In the Old Testament, God made a promise. The Prophet Isaiah said: “They shall beat their swords into plowshares, and their spears into pruning hooks; nation shall not life up sword against nation, neither shall they learn war any more” (Is 2:4). This is beautiful. Peace is announced as a special gift of God [that comes] with the birth of the Redeemer: “On earth peace among men with whom he is pleased” (Lk 2:14). This gift must incessantly be implored in prayer. Let us recall, here in the square, that sign [from January 1]: “Prayer is at the root of peace.” This gift must be implored and it must be cultivated each day with commitment in the situations in which we find ourselves. 

At the dawn of this new year, we are all called to rekindle an impulse of hope in our hearts, which must then be transformed into concrete works of peace. “You don’t get on well with this person? Make peace”; “At home? Make peace”; “ In your community? Make peace”; “At work? Make peace.” Works of peace, reconciliation and fraternity. Each of us must carry out these acts of fraternity toward others, especially those who are suffering from family tensions or disputes of various kinds.
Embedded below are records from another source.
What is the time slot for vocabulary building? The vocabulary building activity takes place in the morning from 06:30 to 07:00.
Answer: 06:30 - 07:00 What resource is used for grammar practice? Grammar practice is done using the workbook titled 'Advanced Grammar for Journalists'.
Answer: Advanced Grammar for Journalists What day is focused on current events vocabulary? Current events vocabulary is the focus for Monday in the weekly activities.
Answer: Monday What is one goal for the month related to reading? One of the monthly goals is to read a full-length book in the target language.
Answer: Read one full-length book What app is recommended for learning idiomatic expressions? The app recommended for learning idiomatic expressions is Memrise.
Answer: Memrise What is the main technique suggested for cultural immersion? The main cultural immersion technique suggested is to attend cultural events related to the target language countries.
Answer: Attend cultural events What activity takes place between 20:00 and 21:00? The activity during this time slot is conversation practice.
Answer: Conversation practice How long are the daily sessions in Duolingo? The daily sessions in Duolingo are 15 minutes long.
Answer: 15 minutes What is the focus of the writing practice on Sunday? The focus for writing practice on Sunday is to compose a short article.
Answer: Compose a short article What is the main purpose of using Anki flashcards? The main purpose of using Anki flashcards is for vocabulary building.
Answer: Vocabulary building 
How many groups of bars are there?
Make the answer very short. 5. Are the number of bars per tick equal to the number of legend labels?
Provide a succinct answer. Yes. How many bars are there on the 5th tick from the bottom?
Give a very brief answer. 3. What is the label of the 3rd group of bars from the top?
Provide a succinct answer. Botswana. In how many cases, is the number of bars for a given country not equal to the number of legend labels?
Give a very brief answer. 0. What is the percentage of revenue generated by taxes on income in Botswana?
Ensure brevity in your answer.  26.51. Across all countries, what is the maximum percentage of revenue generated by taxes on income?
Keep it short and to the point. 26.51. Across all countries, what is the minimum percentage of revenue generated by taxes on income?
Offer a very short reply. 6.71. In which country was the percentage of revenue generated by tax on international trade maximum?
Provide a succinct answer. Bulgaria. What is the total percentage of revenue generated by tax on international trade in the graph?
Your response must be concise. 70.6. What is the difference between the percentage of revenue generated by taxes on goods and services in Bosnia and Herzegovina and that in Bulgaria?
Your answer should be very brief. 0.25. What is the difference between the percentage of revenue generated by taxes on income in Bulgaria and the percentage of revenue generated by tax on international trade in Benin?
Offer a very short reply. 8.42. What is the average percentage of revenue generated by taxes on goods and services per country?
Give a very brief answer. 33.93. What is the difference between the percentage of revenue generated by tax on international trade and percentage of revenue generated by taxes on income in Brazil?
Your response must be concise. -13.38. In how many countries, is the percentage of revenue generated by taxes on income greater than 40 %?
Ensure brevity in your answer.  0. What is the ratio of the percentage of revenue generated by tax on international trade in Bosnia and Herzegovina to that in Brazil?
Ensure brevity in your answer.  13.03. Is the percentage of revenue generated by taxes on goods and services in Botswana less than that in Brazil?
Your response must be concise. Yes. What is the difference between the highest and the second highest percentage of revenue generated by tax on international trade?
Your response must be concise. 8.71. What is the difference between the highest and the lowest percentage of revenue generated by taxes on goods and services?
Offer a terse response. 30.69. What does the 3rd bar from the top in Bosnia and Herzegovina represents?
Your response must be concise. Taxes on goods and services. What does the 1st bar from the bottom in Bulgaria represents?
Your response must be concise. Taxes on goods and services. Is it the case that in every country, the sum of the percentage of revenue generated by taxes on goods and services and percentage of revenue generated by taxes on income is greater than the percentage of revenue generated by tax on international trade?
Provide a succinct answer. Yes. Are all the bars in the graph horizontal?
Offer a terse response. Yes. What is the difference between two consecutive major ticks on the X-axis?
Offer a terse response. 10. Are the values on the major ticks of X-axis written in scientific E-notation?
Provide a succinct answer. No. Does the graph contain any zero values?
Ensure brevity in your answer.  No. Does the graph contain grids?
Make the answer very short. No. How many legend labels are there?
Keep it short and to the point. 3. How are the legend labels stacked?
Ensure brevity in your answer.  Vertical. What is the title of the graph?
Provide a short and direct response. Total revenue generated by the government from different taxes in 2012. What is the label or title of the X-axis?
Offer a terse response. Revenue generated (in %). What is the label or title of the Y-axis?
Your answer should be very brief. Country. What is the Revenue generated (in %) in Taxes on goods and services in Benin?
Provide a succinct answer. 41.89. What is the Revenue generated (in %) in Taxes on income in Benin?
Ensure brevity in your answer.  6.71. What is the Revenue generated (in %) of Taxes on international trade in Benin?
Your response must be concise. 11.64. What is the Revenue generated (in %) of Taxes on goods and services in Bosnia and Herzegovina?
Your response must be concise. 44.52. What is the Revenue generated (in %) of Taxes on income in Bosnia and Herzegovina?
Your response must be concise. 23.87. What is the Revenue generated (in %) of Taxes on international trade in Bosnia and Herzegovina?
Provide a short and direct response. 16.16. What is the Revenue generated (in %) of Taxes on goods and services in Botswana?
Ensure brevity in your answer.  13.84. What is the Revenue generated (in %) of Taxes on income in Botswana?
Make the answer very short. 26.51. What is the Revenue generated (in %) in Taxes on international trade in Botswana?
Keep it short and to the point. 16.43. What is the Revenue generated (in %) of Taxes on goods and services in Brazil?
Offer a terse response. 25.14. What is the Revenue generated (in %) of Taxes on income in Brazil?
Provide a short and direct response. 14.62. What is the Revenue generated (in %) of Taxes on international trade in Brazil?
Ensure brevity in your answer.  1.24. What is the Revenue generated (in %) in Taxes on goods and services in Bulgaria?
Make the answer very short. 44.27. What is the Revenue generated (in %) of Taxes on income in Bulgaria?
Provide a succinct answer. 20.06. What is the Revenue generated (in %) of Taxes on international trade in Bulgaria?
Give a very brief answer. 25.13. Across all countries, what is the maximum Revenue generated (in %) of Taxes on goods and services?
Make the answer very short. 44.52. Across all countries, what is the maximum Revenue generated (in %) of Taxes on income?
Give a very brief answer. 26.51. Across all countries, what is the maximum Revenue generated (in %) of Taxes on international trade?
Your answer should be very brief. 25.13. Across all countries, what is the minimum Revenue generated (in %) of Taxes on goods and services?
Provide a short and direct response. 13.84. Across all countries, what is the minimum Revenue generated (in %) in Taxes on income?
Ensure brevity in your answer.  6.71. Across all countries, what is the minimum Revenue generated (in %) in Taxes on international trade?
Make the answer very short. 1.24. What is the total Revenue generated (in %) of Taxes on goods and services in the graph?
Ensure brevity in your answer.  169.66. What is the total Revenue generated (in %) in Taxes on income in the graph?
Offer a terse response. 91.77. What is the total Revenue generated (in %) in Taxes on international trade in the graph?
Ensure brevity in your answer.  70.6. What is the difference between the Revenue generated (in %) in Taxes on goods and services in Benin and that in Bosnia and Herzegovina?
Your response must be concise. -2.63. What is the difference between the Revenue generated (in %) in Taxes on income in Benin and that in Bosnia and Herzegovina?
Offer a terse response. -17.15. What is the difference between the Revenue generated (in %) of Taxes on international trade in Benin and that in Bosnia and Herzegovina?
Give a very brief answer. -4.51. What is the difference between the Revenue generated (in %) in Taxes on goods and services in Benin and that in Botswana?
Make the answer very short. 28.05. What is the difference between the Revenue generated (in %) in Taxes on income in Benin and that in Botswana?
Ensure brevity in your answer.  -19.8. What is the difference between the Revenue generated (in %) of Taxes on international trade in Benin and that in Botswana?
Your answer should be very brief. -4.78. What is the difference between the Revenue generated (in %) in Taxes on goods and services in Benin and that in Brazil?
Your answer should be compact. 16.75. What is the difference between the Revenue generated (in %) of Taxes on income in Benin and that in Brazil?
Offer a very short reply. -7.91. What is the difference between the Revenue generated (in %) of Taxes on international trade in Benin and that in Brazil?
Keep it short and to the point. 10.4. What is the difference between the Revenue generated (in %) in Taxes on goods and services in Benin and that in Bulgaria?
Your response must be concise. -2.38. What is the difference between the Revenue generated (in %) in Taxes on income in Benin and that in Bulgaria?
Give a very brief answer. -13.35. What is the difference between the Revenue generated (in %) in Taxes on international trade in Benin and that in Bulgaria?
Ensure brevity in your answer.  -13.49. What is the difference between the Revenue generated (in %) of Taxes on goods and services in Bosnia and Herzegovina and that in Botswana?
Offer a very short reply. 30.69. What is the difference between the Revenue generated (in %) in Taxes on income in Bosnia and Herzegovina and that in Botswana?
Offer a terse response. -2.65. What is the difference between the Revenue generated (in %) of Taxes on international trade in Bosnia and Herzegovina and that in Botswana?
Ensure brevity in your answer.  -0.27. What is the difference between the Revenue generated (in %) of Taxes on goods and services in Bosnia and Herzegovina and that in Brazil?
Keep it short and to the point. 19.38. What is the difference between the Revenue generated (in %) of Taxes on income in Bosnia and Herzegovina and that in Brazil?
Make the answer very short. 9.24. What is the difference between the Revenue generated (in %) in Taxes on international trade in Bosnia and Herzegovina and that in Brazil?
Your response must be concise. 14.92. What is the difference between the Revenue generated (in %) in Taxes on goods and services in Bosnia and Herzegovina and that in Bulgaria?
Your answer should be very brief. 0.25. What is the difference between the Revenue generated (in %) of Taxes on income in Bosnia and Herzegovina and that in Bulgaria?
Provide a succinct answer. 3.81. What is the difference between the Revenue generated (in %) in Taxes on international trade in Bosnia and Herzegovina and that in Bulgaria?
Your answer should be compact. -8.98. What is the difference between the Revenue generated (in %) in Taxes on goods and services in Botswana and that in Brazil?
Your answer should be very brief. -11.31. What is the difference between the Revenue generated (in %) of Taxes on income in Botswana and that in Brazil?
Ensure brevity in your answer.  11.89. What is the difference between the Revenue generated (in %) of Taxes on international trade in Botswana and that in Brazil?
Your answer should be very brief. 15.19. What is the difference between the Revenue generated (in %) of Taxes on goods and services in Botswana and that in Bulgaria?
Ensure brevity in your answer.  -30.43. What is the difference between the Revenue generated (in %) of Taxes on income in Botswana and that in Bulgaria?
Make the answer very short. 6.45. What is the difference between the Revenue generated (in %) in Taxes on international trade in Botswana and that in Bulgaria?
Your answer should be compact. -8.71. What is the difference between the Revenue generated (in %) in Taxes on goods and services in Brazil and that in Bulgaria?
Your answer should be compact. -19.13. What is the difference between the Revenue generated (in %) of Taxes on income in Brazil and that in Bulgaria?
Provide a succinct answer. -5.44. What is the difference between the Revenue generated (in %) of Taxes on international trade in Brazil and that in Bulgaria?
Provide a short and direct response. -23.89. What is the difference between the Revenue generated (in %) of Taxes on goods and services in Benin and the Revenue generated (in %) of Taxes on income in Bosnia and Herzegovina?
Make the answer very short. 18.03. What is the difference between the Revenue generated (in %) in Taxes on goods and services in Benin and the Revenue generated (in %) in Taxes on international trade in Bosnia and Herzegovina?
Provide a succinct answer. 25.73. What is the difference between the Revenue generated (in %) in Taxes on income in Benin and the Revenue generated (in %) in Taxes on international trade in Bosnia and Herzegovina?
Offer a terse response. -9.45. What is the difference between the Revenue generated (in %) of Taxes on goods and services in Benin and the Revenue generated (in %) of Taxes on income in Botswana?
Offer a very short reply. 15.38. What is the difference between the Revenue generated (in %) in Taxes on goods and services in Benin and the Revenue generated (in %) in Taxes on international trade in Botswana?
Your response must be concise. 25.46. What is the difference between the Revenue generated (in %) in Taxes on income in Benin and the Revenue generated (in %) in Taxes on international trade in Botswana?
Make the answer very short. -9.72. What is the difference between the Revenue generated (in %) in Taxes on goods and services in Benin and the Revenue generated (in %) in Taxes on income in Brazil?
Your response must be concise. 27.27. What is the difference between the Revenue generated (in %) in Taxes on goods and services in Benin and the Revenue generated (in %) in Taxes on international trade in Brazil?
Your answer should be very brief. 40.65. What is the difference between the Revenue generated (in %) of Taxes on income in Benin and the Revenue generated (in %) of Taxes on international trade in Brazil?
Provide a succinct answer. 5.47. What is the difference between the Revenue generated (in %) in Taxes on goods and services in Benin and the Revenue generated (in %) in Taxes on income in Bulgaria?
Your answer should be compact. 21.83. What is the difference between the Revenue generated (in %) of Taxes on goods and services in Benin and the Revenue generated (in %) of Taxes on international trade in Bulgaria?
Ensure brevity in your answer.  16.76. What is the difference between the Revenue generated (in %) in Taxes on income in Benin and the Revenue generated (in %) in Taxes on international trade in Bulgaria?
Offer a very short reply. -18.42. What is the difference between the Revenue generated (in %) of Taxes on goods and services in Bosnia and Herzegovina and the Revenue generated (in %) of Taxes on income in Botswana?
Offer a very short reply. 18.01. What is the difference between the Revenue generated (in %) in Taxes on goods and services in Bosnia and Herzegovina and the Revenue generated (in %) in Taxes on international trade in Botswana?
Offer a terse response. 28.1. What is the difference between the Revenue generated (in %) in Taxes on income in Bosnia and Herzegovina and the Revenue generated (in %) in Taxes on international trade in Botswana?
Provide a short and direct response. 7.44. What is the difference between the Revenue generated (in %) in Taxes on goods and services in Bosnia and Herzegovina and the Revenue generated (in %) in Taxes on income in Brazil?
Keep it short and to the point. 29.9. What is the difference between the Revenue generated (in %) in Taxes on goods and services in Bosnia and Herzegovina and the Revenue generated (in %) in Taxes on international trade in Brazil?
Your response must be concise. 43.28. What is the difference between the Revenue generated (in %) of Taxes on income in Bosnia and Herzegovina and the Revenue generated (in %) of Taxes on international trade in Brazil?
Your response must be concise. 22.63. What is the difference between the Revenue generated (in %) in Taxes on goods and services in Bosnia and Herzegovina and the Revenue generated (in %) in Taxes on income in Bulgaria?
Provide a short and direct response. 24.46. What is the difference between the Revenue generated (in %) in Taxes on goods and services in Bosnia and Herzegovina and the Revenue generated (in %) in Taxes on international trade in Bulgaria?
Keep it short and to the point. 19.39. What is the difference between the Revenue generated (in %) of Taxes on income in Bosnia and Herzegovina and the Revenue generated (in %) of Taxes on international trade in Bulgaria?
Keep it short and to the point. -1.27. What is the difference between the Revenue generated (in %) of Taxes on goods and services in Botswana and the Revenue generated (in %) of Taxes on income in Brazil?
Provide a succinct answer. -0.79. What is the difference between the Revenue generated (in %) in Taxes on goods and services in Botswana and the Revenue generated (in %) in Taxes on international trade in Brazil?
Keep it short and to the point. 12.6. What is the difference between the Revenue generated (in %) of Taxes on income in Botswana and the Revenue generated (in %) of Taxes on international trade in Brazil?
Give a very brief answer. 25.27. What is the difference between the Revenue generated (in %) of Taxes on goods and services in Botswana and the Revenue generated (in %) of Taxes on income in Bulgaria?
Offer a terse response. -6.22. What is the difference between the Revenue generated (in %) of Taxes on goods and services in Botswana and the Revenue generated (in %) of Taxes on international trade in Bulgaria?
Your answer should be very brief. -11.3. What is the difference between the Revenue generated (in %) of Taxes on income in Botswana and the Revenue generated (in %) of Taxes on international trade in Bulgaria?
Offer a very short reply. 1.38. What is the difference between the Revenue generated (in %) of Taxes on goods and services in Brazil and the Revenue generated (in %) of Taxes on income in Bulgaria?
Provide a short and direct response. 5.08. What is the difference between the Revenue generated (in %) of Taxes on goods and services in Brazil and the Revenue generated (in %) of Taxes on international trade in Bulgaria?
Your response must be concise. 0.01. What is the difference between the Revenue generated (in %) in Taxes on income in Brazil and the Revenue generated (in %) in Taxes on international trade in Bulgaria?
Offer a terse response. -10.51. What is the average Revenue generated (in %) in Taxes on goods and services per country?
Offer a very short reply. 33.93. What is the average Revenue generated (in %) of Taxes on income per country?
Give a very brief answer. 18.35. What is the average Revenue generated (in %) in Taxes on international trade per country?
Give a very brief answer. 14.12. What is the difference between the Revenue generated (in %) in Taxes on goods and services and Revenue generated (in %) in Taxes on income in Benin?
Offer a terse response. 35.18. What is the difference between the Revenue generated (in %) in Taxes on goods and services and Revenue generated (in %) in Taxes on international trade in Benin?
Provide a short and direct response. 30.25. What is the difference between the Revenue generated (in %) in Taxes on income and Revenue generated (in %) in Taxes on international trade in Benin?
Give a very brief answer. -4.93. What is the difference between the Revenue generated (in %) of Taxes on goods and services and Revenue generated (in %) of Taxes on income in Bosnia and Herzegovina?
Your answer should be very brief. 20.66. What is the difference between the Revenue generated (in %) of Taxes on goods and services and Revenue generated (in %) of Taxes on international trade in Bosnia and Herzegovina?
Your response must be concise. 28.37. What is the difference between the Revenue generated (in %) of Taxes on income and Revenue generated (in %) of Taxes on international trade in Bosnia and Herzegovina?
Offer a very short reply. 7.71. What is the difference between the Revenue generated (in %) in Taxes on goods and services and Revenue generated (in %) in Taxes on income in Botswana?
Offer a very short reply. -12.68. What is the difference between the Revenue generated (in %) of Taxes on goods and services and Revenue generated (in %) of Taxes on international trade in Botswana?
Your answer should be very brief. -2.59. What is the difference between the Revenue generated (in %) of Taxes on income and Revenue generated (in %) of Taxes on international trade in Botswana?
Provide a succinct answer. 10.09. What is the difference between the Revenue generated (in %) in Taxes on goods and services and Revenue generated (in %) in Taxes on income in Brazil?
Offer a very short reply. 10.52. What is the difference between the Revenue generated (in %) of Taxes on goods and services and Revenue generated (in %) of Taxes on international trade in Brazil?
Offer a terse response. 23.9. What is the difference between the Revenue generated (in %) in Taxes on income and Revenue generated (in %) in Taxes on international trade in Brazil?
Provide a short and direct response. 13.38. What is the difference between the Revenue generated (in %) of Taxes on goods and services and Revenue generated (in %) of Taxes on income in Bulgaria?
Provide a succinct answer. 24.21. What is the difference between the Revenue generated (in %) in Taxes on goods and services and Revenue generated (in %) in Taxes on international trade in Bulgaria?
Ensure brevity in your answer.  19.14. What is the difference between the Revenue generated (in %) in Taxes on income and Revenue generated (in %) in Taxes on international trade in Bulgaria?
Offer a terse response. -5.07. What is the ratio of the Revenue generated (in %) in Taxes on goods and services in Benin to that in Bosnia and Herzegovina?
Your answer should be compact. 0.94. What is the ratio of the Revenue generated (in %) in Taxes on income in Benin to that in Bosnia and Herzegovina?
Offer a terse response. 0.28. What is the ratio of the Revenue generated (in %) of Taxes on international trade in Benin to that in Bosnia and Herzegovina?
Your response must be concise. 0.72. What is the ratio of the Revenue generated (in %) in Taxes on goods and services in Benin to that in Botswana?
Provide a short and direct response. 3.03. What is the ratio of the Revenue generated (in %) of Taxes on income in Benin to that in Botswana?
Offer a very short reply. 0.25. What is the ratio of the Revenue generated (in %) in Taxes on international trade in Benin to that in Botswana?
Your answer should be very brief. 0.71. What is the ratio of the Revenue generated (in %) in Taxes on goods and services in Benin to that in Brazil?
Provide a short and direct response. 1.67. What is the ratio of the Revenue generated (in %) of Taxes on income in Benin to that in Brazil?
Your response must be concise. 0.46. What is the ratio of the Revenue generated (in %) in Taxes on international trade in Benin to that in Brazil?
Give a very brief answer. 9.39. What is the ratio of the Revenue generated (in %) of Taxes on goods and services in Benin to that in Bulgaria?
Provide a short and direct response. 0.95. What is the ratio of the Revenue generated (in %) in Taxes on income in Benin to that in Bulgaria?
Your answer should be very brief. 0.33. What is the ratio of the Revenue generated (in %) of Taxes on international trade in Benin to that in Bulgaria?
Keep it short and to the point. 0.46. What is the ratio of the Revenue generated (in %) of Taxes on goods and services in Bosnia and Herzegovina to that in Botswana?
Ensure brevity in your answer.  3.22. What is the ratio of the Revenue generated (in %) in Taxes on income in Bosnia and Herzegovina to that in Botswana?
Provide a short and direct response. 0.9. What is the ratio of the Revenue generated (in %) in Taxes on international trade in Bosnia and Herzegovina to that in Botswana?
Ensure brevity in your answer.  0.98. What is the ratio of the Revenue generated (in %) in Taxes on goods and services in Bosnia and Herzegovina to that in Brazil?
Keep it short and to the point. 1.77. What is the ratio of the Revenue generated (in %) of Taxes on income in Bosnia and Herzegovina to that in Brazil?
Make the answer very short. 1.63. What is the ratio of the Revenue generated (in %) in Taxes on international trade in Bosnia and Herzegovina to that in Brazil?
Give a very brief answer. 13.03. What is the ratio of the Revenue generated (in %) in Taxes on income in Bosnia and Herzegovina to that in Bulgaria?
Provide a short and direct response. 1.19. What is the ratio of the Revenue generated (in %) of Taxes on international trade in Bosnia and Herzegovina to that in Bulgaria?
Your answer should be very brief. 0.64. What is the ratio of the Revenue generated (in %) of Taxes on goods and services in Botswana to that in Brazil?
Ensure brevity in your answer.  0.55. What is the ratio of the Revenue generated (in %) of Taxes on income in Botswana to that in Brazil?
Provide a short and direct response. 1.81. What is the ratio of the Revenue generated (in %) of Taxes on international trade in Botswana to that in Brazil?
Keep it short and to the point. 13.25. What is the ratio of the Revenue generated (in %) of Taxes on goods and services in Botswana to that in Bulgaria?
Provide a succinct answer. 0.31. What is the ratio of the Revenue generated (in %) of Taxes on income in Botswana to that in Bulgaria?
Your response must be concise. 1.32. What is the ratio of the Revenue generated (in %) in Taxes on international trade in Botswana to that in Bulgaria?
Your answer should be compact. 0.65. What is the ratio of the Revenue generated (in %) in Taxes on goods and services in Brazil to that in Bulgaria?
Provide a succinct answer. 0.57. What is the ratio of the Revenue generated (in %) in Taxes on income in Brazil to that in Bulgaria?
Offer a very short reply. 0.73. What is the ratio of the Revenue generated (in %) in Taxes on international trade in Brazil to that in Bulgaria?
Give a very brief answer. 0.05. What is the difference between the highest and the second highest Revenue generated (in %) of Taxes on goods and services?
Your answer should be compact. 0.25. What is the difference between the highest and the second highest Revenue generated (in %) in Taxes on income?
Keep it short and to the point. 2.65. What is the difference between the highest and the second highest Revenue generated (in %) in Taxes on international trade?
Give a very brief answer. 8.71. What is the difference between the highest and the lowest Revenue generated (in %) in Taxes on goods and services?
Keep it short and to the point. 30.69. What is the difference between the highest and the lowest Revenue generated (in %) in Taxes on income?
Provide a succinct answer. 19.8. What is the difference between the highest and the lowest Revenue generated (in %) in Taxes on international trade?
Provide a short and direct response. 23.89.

These small gestures have great value: they can be the seeds that give rise to hope, they can open roads and prospects for peace.

Let us invoke Mary, the Queen of Peace. During her life on earth she experienced great difficulty related to the daily struggles of life. But she never lost her peace of heart — the fruit of her trusting abandonment to God’s mercy. We ask Mary, our tender Mother, to show the world the sure way of love and peace.

Translation by Diane Montagna of Aleteia’s English edition.